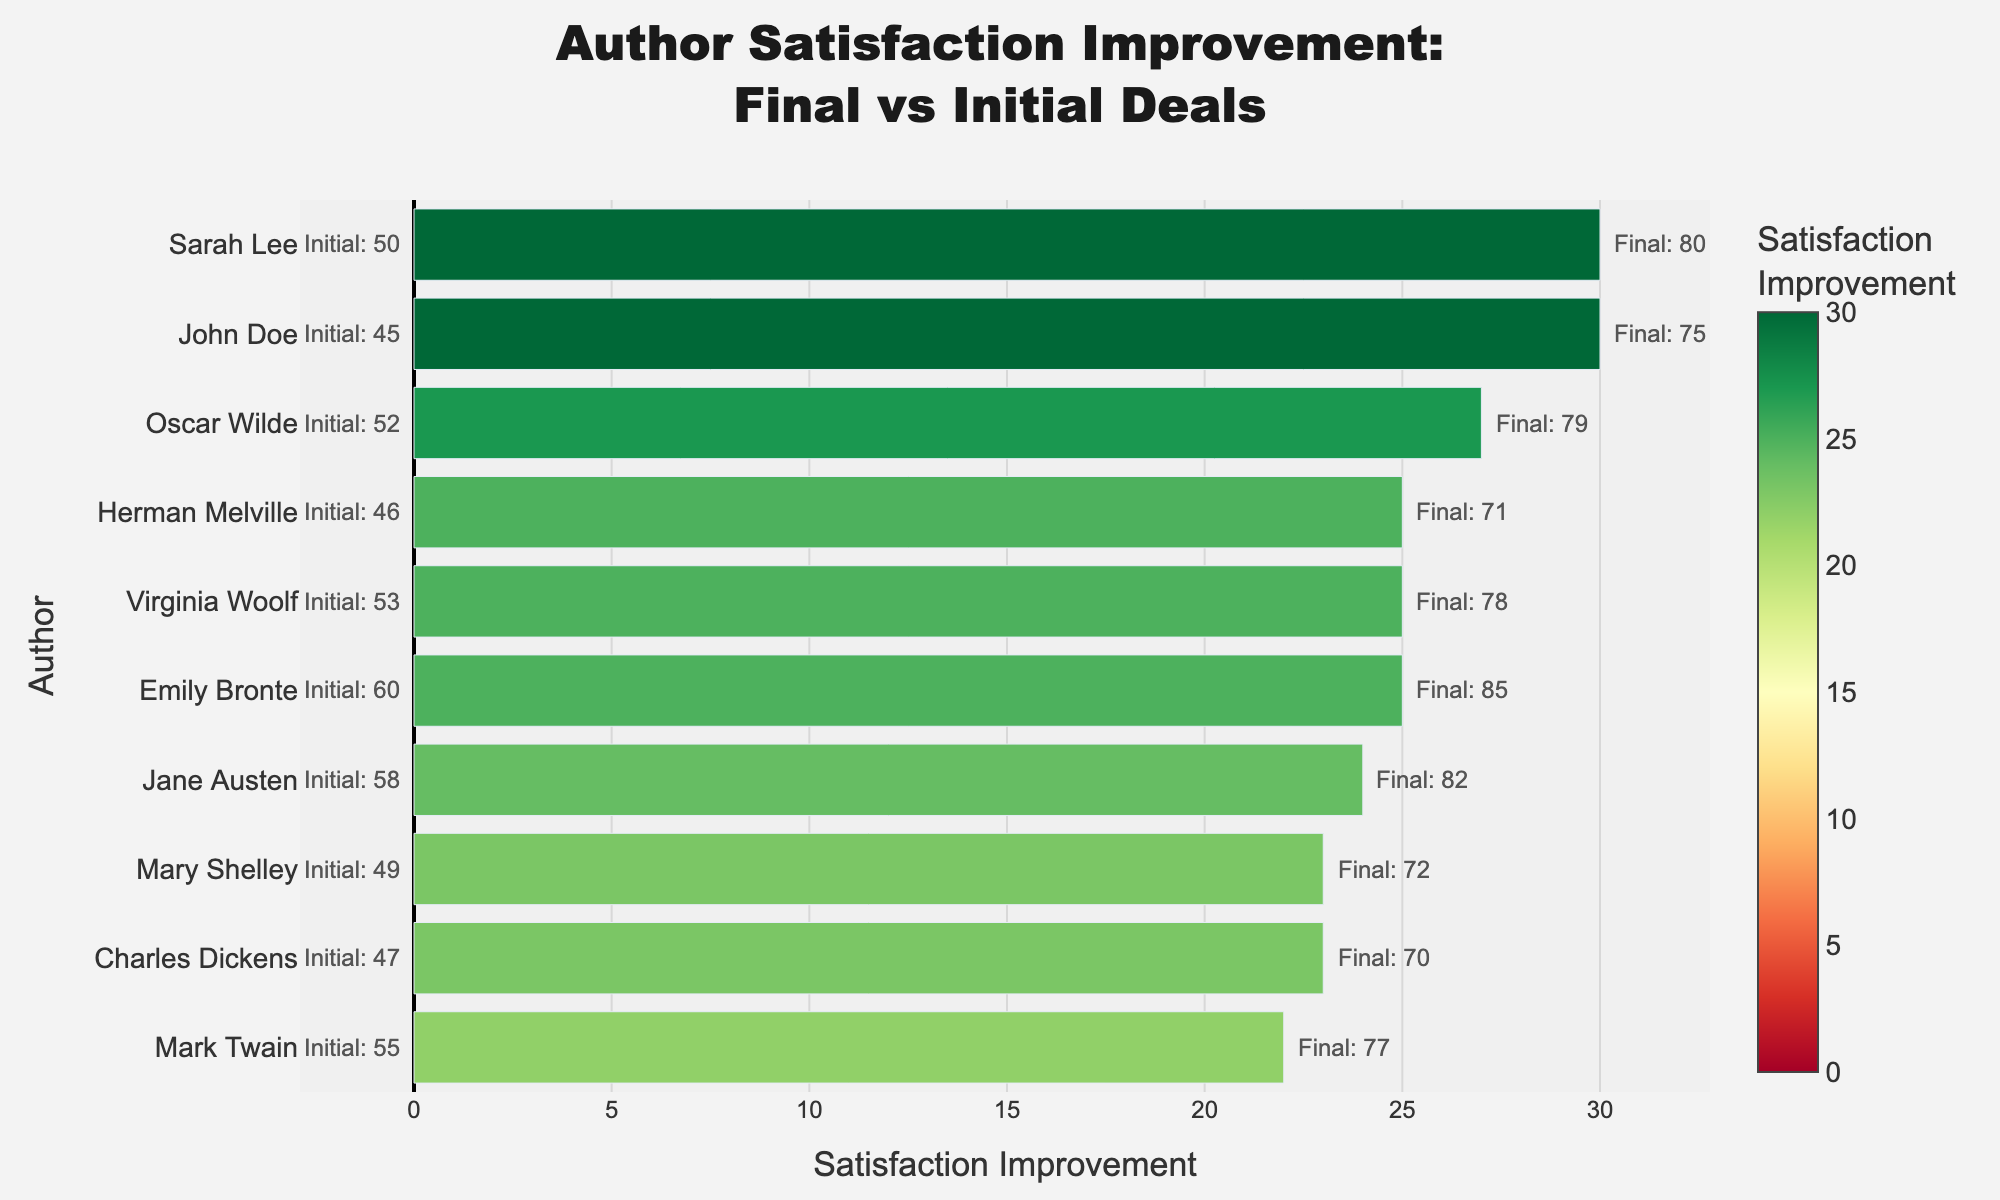What's the largest satisfaction improvement shown in the plot? The largest satisfaction improvement can be found by looking at the bar with the highest positive value. The corresponding value for that bar is the highest improvement.
Answer: 25 Which author experienced the least improvement in satisfaction? To find the author with the least improvement, locate the shortest bar. This represents the smallest difference between final and initial satisfaction.
Answer: Charles Dickens What is the average satisfaction improvement among the authors? Sum up all the satisfaction improvements, then divide by the number of authors. Improvements: 30, 27, 25, etc. Add them: 3 + 23 + 26 + 25 + 24 + 22 + 27 + 30 + 25 = 205. Divide by 10 (number of authors).
Answer: 20.5 Which authors have a satisfaction improvement greater than 20 points? Identify all bars whose lengths exceed 20 points. These authors have higher satisfaction improvements than the given threshold.
Answer: Sarah Lee, Mark Twain, Emily Bronte, Virginia Woolf, Oscar Wilde, Jane Austen Which author has an initial satisfaction closest to 50? Look for the annotation text that indicates initial satisfaction values around 50. Identify the author associated with this number.
Answer: Sarah Lee Do more authors have improvements above or below the average improvement? Calculate the average improvement (20.5). Count the number of authors with improvements greater than 20.5 and those with 20.5 or less. Compare the counts.
Answer: More authors have above average improvement Which author has the highest final satisfaction? Look for the annotation that indicates the highest final satisfaction value. Identify the corresponding author.
Answer: Emily Bronte How does John Doe's improvement compare to Jane Austen's? Examine the lengths of the bars corresponding to John Doe and Jane Austen. Calculate the difference between their satisfaction improvements.
Answer: John Doe's improvement is 5 points less than Jane Austen's 
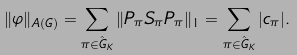<formula> <loc_0><loc_0><loc_500><loc_500>\| \varphi \| _ { A ( G ) } = \sum _ { \pi \in \hat { G } _ { K } } \| P _ { \pi } S _ { \pi } P _ { \pi } \| _ { 1 } = \sum _ { \pi \in \hat { G } _ { K } } | c _ { \pi } | .</formula> 
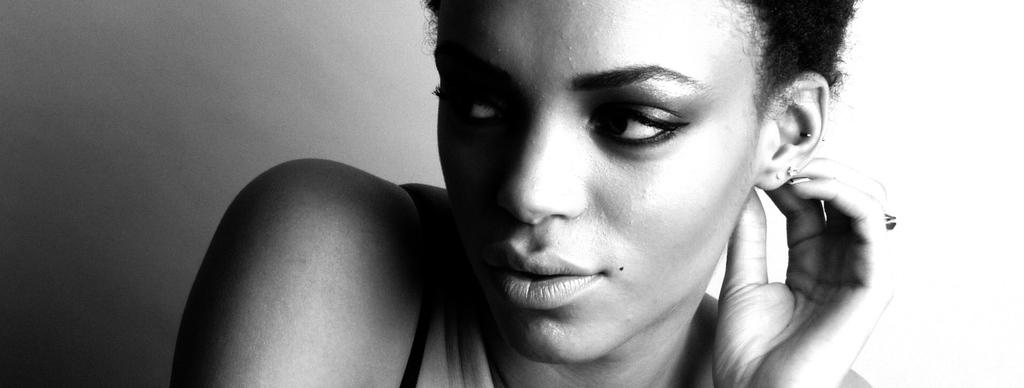What is the main subject of the image? The main subject of the image is a woman. Can you describe the background of the image? The background of the image is white and grey. What type of comfort can be seen in the image? There is no specific type of comfort visible in the image. Is there a woolen item present in the image? There is no woolen item present in the image. Can you see a bat flying in the image? There is no bat visible in the image. 
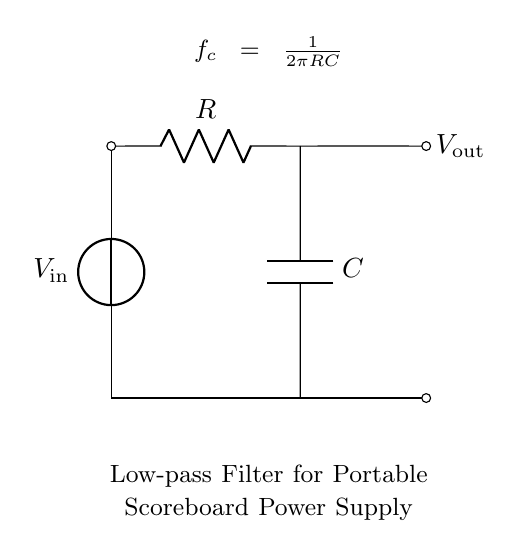What type of filter is depicted in this circuit? The circuit is labeled as a low-pass filter, which allows low-frequency signals to pass through while attenuating higher-frequency signals.
Answer: Low-pass filter What are the two main components of the circuit? The components present in the diagram are a resistor and a capacitor. The resistance and capacitance are crucial for determining the cutoff frequency of the filter.
Answer: Resistor and capacitor What is the function of the output voltage in this circuit? The output voltage provides the smoothed power supply voltage to the portable scoreboard display, reflecting the filtered input voltage after it has passed through the low-pass filter components.
Answer: Smoothing power supply What is the cutoff frequency formula shown in the circuit? The circuit diagram provides the formula for the cutoff frequency, which is calculated using the resistance and capacitance values in the circuit. The formula is divided into components: the factor of two pi and the multiplication of R and C.
Answer: 1 over 2 pi RC How does increasing the capacitance affect the cutoff frequency? Increasing the capacitance in the circuit will decrease the cutoff frequency, which means that the circuit will allow even lower frequencies to pass through and more effectively smooth out fluctuations in the input voltage.
Answer: Decreases cutoff frequency What happens if you remove the resistor from the circuit? Removing the resistor would alter the behavior of the low-pass filter, possibly resulting in an impedance mismatch that could lead to insufficient filtering of the input voltage, as there would be no resistance to establish an RC time constant.
Answer: Insufficient filtering 
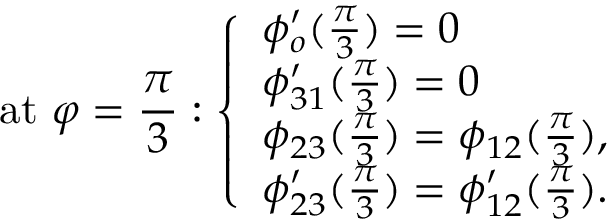<formula> <loc_0><loc_0><loc_500><loc_500>a t \varphi = \frac { \pi } { 3 } \colon \left \{ \begin{array} { l l } { \phi _ { o } ^ { \prime } ( \frac { \pi } { 3 } ) = 0 } \\ { \phi _ { 3 1 } ^ { \prime } ( \frac { \pi } { 3 } ) = 0 } \\ { \phi _ { 2 3 } ( \frac { \pi } { 3 } ) = \phi _ { 1 2 } ( \frac { \pi } { 3 } ) , } \\ { \phi _ { 2 3 } ^ { \prime } ( \frac { \pi } { 3 } ) = \phi _ { 1 2 } ^ { \prime } ( \frac { \pi } { 3 } ) . } \end{array}</formula> 
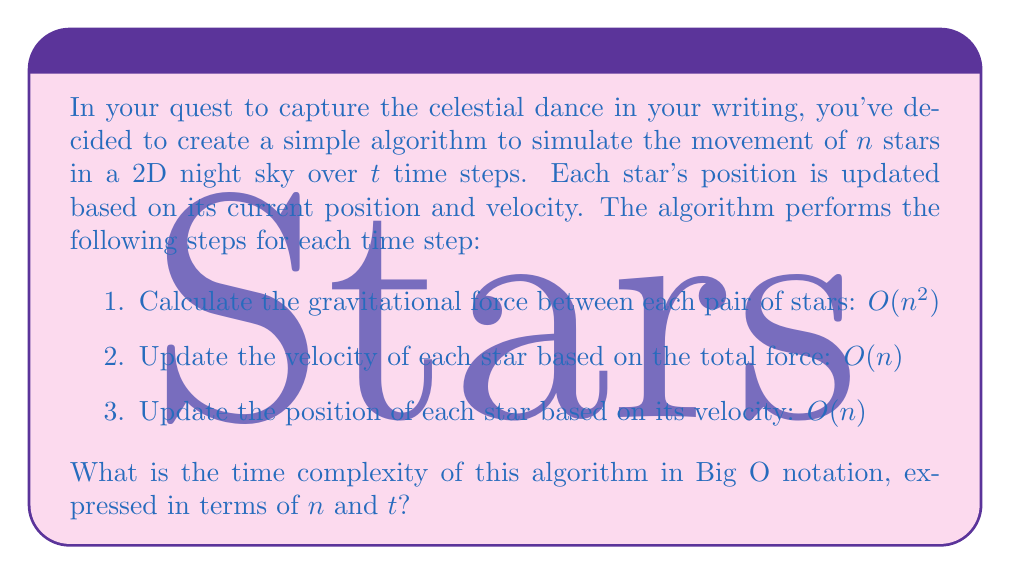What is the answer to this math problem? Let's break down the algorithm and analyze its time complexity step by step:

1. Calculating gravitational forces:
   This step involves comparing each star with every other star, resulting in $\frac{n(n-1)}{2}$ comparisons. This is a quadratic operation, so its time complexity is $O(n^2)$.

2. Updating velocities:
   We update the velocity of each star once, which is a linear operation with time complexity $O(n)$.

3. Updating positions:
   Similarly, we update the position of each star once, which is also a linear operation with time complexity $O(n)$.

For a single time step, the total time complexity is:
$O(n^2) + O(n) + O(n) = O(n^2)$

Since we perform these operations for $t$ time steps, we multiply the complexity by $t$:

$O(n^2) * t = O(n^2t)$

Therefore, the overall time complexity of the algorithm is $O(n^2t)$.

This quadratic relationship with the number of stars ($n$) means that as we increase the number of stars in our simulation, the computation time will grow rapidly. The linear relationship with time steps ($t$) indicates that doubling the simulation duration will double the computation time.
Answer: $O(n^2t)$

= = = = =

**WHAT YOU NEED TO DO**
Leaving the pictures aside, transcribe the entire listing exactly.

**RESULT OF THIS EXERCISE**
What's the largest satisfaction improvement shown in the plot? The largest satisfaction improvement can be found by looking at the bar with the highest positive value. The corresponding value for that bar is the highest improvement.
Answer: 25 Which author experienced the least improvement in satisfaction? To find the author with the least improvement, locate the shortest bar. This represents the smallest difference between final and initial satisfaction.
Answer: Charles Dickens What is the average satisfaction improvement among the authors? Sum up all the satisfaction improvements, then divide by the number of authors. Improvements: 30, 27, 25, etc. Add them: 3 + 23 + 26 + 25 + 24 + 22 + 27 + 30 + 25 = 205. Divide by 10 (number of authors).
Answer: 20.5 Which authors have a satisfaction improvement greater than 20 points? Identify all bars whose lengths exceed 20 points. These authors have higher satisfaction improvements than the given threshold.
Answer: Sarah Lee, Mark Twain, Emily Bronte, Virginia Woolf, Oscar Wilde, Jane Austen Which author has an initial satisfaction closest to 50? Look for the annotation text that indicates initial satisfaction values around 50. Identify the author associated with this number.
Answer: Sarah Lee Do more authors have improvements above or below the average improvement? Calculate the average improvement (20.5). Count the number of authors with improvements greater than 20.5 and those with 20.5 or less. Compare the counts.
Answer: More authors have above average improvement Which author has the highest final satisfaction? Look for the annotation that indicates the highest final satisfaction value. Identify the corresponding author.
Answer: Emily Bronte How does John Doe's improvement compare to Jane Austen's? Examine the lengths of the bars corresponding to John Doe and Jane Austen. Calculate the difference between their satisfaction improvements.
Answer: John Doe's improvement is 5 points less than Jane Austen's 
<formula> <loc_0><loc_0><loc_500><loc_500>\| \varphi \| _ { A ( G ) } = \sum _ { \pi \in \hat { G } _ { K } } \| P _ { \pi } S _ { \pi } P _ { \pi } \| _ { 1 } = \sum _ { \pi \in \hat { G } _ { K } } | c _ { \pi } | .</formula> 
What is the main subject of the image? The main subject of the image is a woman. Can you describe the background of the image? The background of the image is white and grey. What type of comfort can be seen in the image? There is no specific type of comfort visible in the image. Is there a woolen item present in the image? There is no woolen item present in the image. Can you see a bat flying in the image? There is no bat visible in the image. 
What type of filter is depicted in this circuit? The circuit is labeled as a low-pass filter, which allows low-frequency signals to pass through while attenuating higher-frequency signals.
Answer: Low-pass filter What are the two main components of the circuit? The components present in the diagram are a resistor and a capacitor. The resistance and capacitance are crucial for determining the cutoff frequency of the filter.
Answer: Resistor and capacitor What is the function of the output voltage in this circuit? The output voltage provides the smoothed power supply voltage to the portable scoreboard display, reflecting the filtered input voltage after it has passed through the low-pass filter components.
Answer: Smoothing power supply What is the cutoff frequency formula shown in the circuit? The circuit diagram provides the formula for the cutoff frequency, which is calculated using the resistance and capacitance values in the circuit. The formula is divided into components: the factor of two pi and the multiplication of R and C.
Answer: 1 over 2 pi RC How does increasing the capacitance affect the cutoff frequency? Increasing the capacitance in the circuit will decrease the cutoff frequency, which means that the circuit will allow even lower frequencies to pass through and more effectively smooth out fluctuations in the input voltage.
Answer: Decreases cutoff frequency What happens if you remove the resistor from the circuit? Removing the resistor would alter the behavior of the low-pass filter, possibly resulting in an impedance mismatch that could lead to insufficient filtering of the input voltage, as there would be no resistance to establish an RC time constant.
Answer: Insufficient filtering 
<formula> <loc_0><loc_0><loc_500><loc_500>a t \varphi = \frac { \pi } { 3 } \colon \left \{ \begin{array} { l l } { \phi _ { o } ^ { \prime } ( \frac { \pi } { 3 } ) = 0 } \\ { \phi _ { 3 1 } ^ { \prime } ( \frac { \pi } { 3 } ) = 0 } \\ { \phi _ { 2 3 } ( \frac { \pi } { 3 } ) = \phi _ { 1 2 } ( \frac { \pi } { 3 } ) , } \\ { \phi _ { 2 3 } ^ { \prime } ( \frac { \pi } { 3 } ) = \phi _ { 1 2 } ^ { \prime } ( \frac { \pi } { 3 } ) . } \end{array}</formula> 
What is the answer to this math problem? Let's break down the algorithm and analyze its time complexity step by step:

1. Calculating gravitational forces:
   This step involves comparing each star with every other star, resulting in $\frac{n(n-1)}{2}$ comparisons. This is a quadratic operation, so its time complexity is $O(n^2)$.

2. Updating velocities:
   We update the velocity of each star once, which is a linear operation with time complexity $O(n)$.

3. Updating positions:
   Similarly, we update the position of each star once, which is also a linear operation with time complexity $O(n)$.

For a single time step, the total time complexity is:
$O(n^2) + O(n) + O(n) = O(n^2)$

Since we perform these operations for $t$ time steps, we multiply the complexity by $t$:

$O(n^2) * t = O(n^2t)$

Therefore, the overall time complexity of the algorithm is $O(n^2t)$.

This quadratic relationship with the number of stars ($n$) means that as we increase the number of stars in our simulation, the computation time will grow rapidly. The linear relationship with time steps ($t$) indicates that doubling the simulation duration will double the computation time.
Answer: $O(n^2t)$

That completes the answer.